CEOs of companies several major artificial intelligence companies are pushing for members of Congress to pass fresh legislation that would make it harder for bad actors to develop biological weapons using their technology.
Demis Hassabis of Google DeepMind, Sam Altman of OpenAI, Dario Amodei of Anthropic and Mustafa Suleyman of Microsoft AI were among the signatories of the agreement public writing calling for legislation requiring companies selling synthetic DNA and RNA to screen customers and to prevent the misuse of genetic material.
The letter, organized by the nonpartisan Institute for Progress and the right-wing Foundation for American Innovation, acknowledged that given the pace of artificial intelligence development, “there is a real possibility that the knowledge barriers that have historically prevented bad actors from obtaining biological weapons will significantly erode.”
Scientist Arthur Kornberg was the first to successfully synthesize DNA in the 1950s. Today, the process is automated, with dozens of companies around the world using commercial synthesizers to “print” and sell custom genetic sequences used in scientific research, drug development and diagnostics. Many suppliers sell only to qualified researchers, biotechnology companies and educational institutions, but not all of them check customers or the gene sequences they order.
In 2017, Canadian researchers raised the alarm when they used $100,000 worth of mail-order DNA to recreate the extinct horsepox virus. Critics say the same methodology could be used to engineer smallpox, a closely related and deadly virus. Since then, gene synthesis has only become cheaper.
Combined with advances in artificial intelligence, it is now possible to design unsafe fresh toxins and pathogens using huge language models, although some biology training would likely still be needed to create a functional virus from scratch. Although bioterrorist attacks have been infrequent, they can cause mass casualties, social panic, and economic losses. A solemn concern is that an AI-designed pathogen could intentionally or unintentionally cause a global pandemic.
“AI tools enable the user to very quickly determine where to turn to order sequences that will not be subject to scrutiny,” says David Relman, a microbiologist and biosecurity expert at Stanford University who signed the letter. “If prompted properly, they can also tell you how to change the nature of the order so that even people checking it will have a much harder time detecting what you are trying to prepare.”
Signatories include other scientists, national security experts, and executives from gene synthesis companies Twist Bioscience and Ansa Biotechnologies. These companies are members of the International Gene Synthesis Consortium, established in 2009 to implement voluntary screening practices. Many companies already utilize software to screen orders for “sequences of concern” that may contribute to body toxicity or disease.
“If you have technology that can synthesize DNA, you want to make sure it’s used responsibly, and part of that is making sure you understand what you’re doing and who you’re doing it for,” says James Diggans, vice president of policy and biosecurity at Twist Bioscience. The company has been supporting the implementation of formal rules for years.

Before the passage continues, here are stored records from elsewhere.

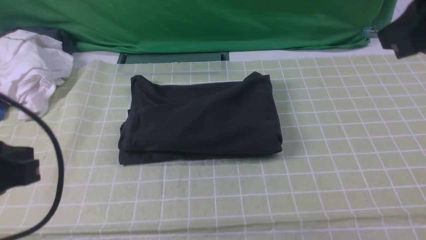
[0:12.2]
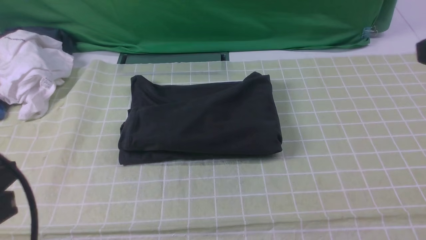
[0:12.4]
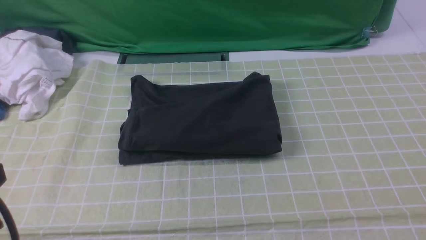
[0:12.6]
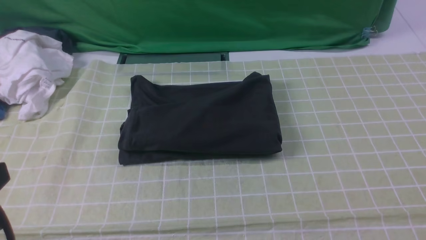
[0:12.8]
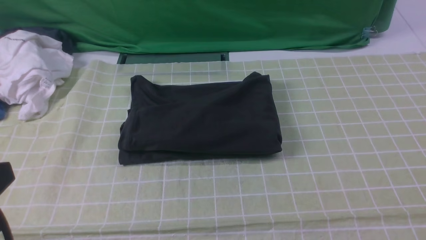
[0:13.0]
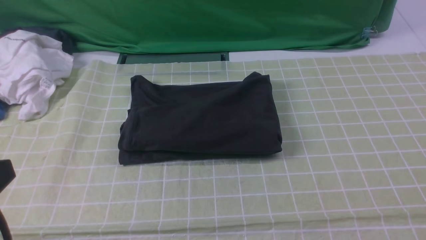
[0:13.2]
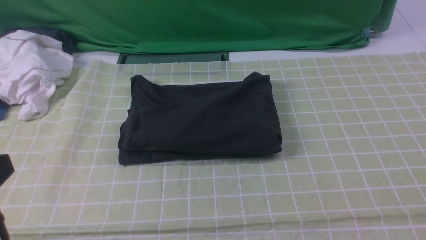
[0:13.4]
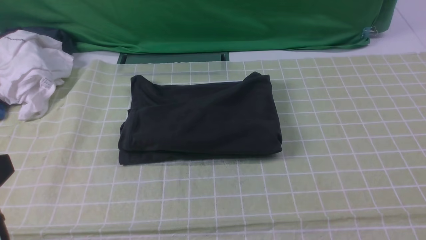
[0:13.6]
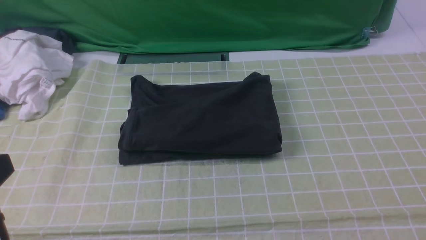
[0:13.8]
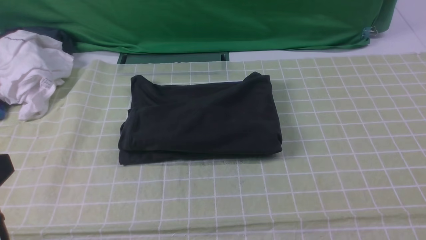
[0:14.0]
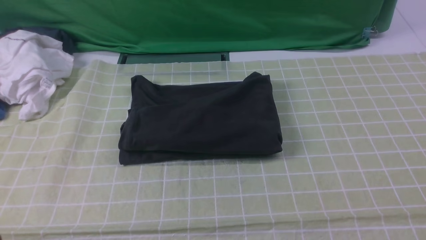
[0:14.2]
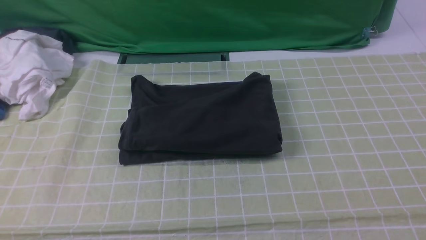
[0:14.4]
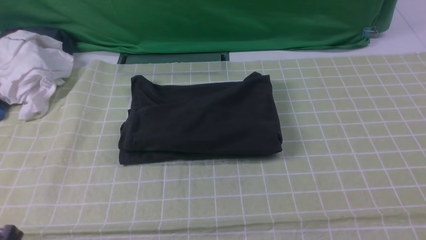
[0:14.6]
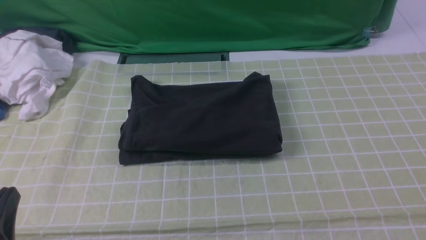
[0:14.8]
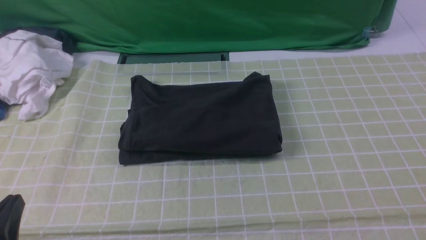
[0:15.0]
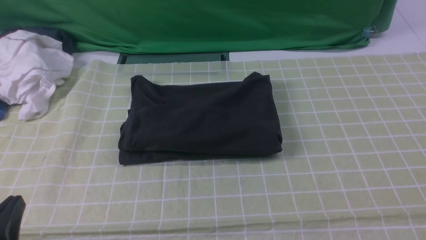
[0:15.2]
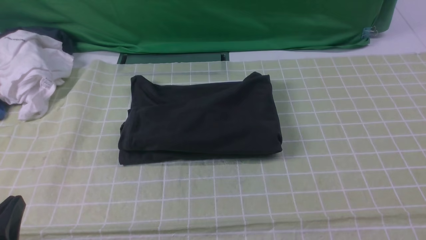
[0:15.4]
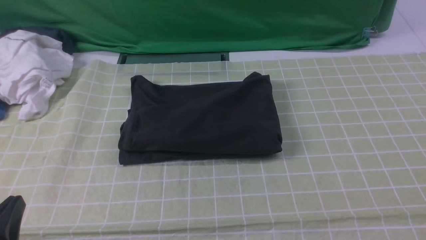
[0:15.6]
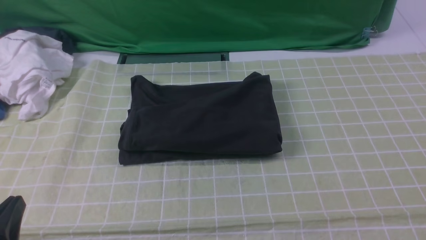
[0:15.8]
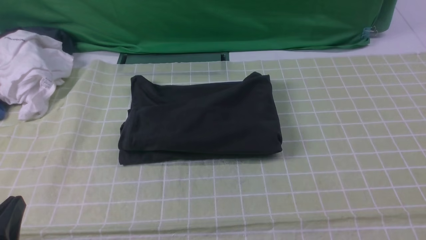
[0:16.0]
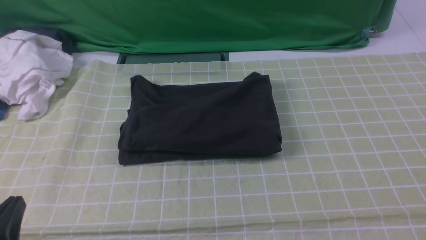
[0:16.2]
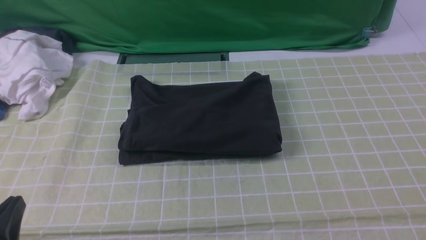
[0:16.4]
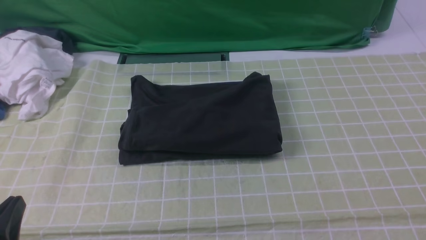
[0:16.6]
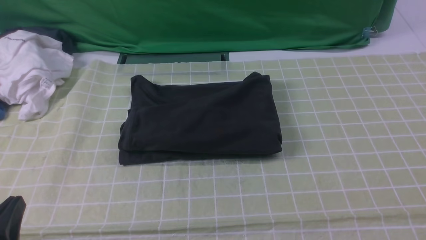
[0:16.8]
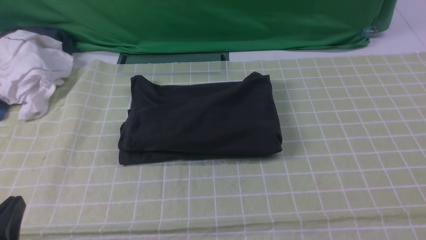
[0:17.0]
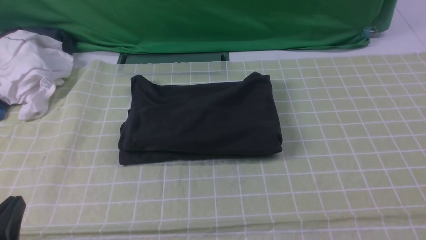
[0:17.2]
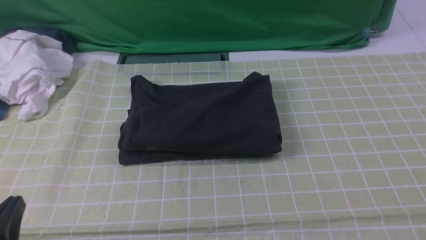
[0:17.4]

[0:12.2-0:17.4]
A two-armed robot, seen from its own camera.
0:12.2 to 0:14.0: The right gripper goes roughly 25 cm backward and to the right. Meanwhile the left gripper heads backward, covering approximately 5 cm.
0:14.0 to 0:15.6: The left gripper moves downward, some 15 cm.

Federal guidelines introduced under the Biden administration required scientists and companies receiving federal funds to order synthetic gene sequences from suppliers that monitor purchases. AND bipartisan bill introduced earlier this year in the Senate would require all gene synthesis providers operating in the U.S. to screen orders and customers for bad actors or unsafe pathogens.
However, screening tools are not perfect. Last year, Microsoft researchers published a report entitled test showing that AI protein design tools were able to generate potentially unsafe gene sequences that slipped through the companies’ screening software. The models suggested fresh protein sequences with structures similar to those known to be unsafe.
Geoff Ralston, former president of Y Combinator and partner at the Unthreatening AI Fund, believes that AI labs with biological models should self-screen users.
“It should be very difficult, if not impossible, to ask a model to help you do something immediately dangerous,” says Ralston, who also signed the letter.
Relman agrees that regulating audit procedures is only part of the solution. “Given that in some cases the inspection may fail, we need to have other inspection points,” he says. “This is where AI companies will need to step up.”